Memoir of a Thirteen-Year-Old Girl

Surviving the Cambodian Genocide

ChannyLaux@gmail.com

The most important book of this century!

This is an incredible memoir of one of the most horrific events of the 20th Century - the Cambodian Genocide - and it is told in a simple, honest, and utterly compelling manner that has you gripped from the very start to the very last word. It takes you on the journey of Channy's transformation from a typical 13 year old, through one of the worst episodes in human history, to a determined survivor bent on protecting her mother and older sister and reuniting the family again.

It's storytelling is simple and honest. Channy let's us know what happened, and what she did, and she doesn't shy away from the humiliating, nor the shameful, but includes it along with the heart rending, and the humorous. The story has everything that you could possibly want from any narrative, factual or fiction, that really draws you into the story and plays with your emotions as the events unfold.

This is an extraordinary story expertly told, but it is so much more than that, it is a documenting of an atrocity like no other.

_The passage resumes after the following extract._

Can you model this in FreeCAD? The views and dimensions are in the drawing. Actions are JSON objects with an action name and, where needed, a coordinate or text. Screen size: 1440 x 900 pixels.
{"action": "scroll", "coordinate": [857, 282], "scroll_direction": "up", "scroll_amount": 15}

We rarely get a glimpse of such historic events that ordinary people can relate to and fully understand. Most reports of such events come from journalists or historians and while such reports are important and have their place in explaining what happened they don't put you in the situation, they don't give you a real feel for the events.

As an historical document this book has few equals, it gives a glimpse into a regeme and the everyday life of people who lived under it in an honest and authentic way with facts and emotions given equal weight.

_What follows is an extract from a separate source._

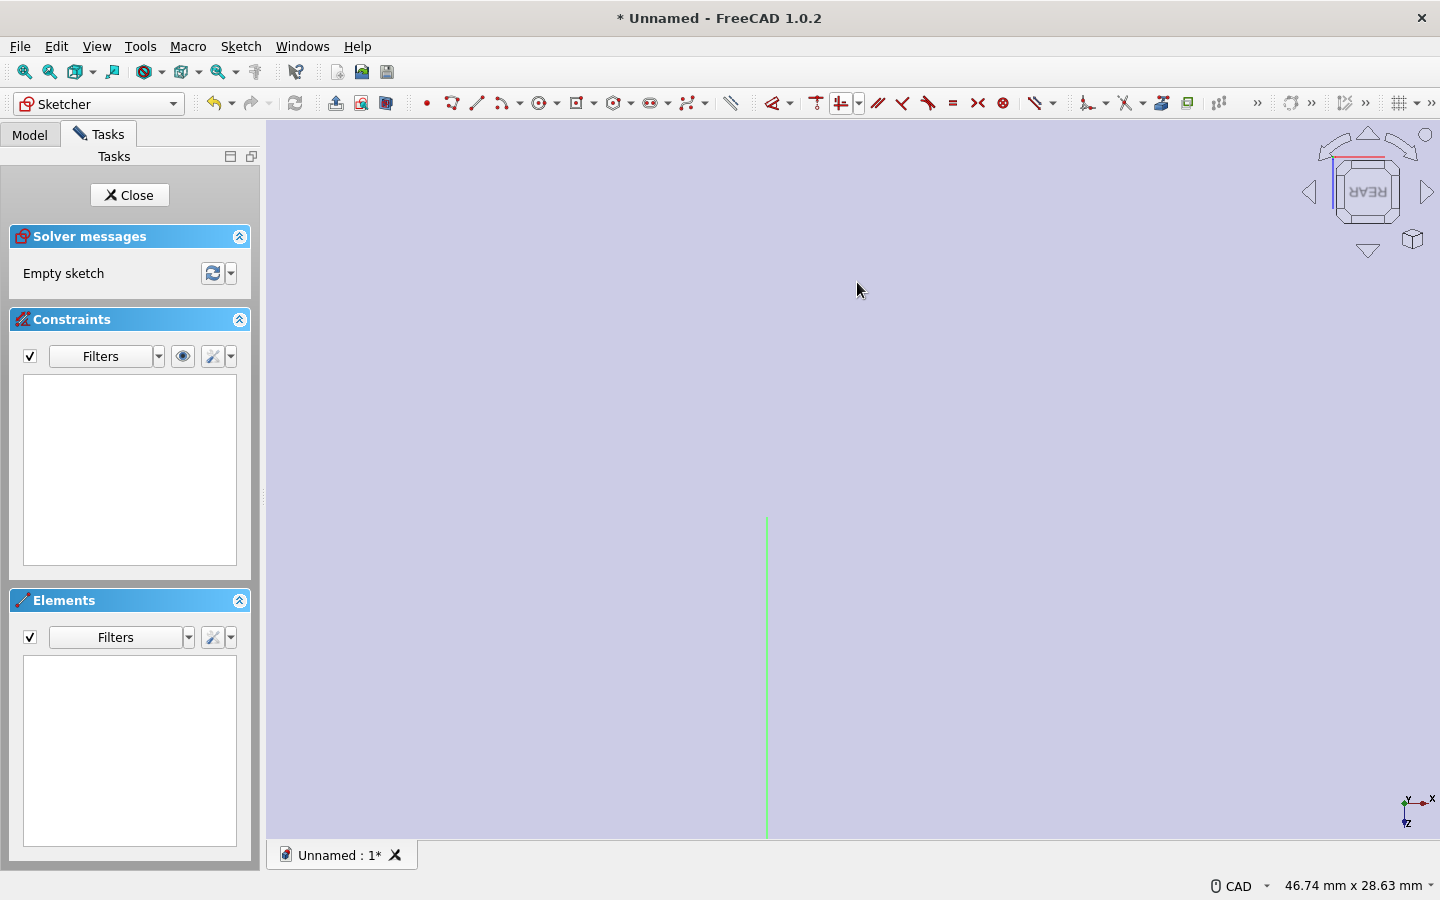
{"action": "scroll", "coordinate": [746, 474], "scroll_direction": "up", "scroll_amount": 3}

While the story certainly isn't pleasant, except towards the end, it is not an unpleasant read. The story grips you and you really care about the characters, each time she gives up you will here to go on, when she gets one over on the Black Uniforms you applaud her, when she is in danger you hope she will make it through, despite knowing that she wrote the book many years later so has to have survived. It doesn't give any real insight into how the conflict started, nor why such atrocities were inflicted on a Nation, but it explain why people do what they have to do in order to survive, and how ordinary people become exceptional when placed in extraordinary situations.

This book is an absolute must read and anyone who doesn't read this book is missing out on an important work of Literature, note the capital, and on an important understanding of what it means to be human.